-- EXTRACTED ENTRIES follows --

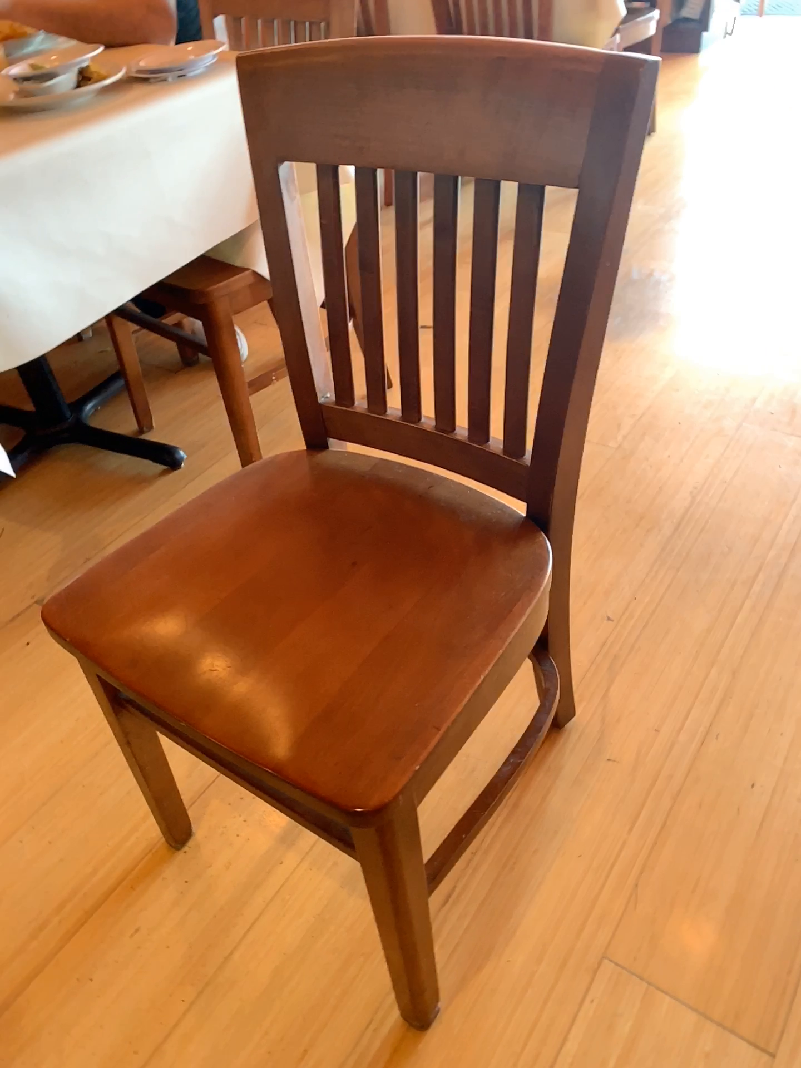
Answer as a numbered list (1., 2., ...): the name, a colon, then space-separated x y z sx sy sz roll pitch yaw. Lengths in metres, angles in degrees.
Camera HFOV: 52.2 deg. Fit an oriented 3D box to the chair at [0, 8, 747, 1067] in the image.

-- EXTRACTED ENTRIES concluded --
-- EXTRACTED ENTRIES follows --

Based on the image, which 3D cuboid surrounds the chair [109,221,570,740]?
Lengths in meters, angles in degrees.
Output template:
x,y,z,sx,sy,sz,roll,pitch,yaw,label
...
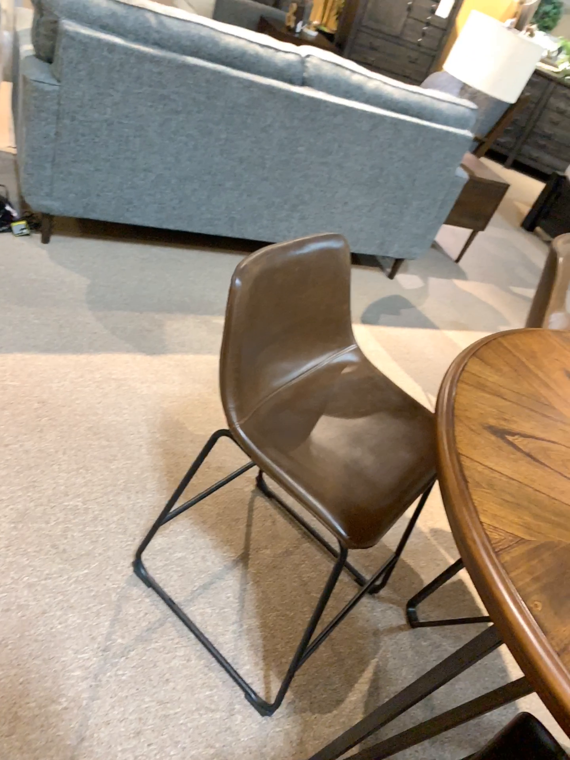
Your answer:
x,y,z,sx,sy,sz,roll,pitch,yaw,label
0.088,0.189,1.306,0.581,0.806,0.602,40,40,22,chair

-- EXTRACTED ENTRIES concluded --

▶ [WHAT TO PRODUCE]
Reproduce each line of the records in which the word "angles" appears.

▶ [RESPONSE TO THE EXERCISE]
Answer as a numbered list (1., 2., ...): the name, a colon, then space-separated x y z sx sy sz roll pitch yaw. Lengths in metres, angles in degrees.
Lengths in meters, angles in degrees.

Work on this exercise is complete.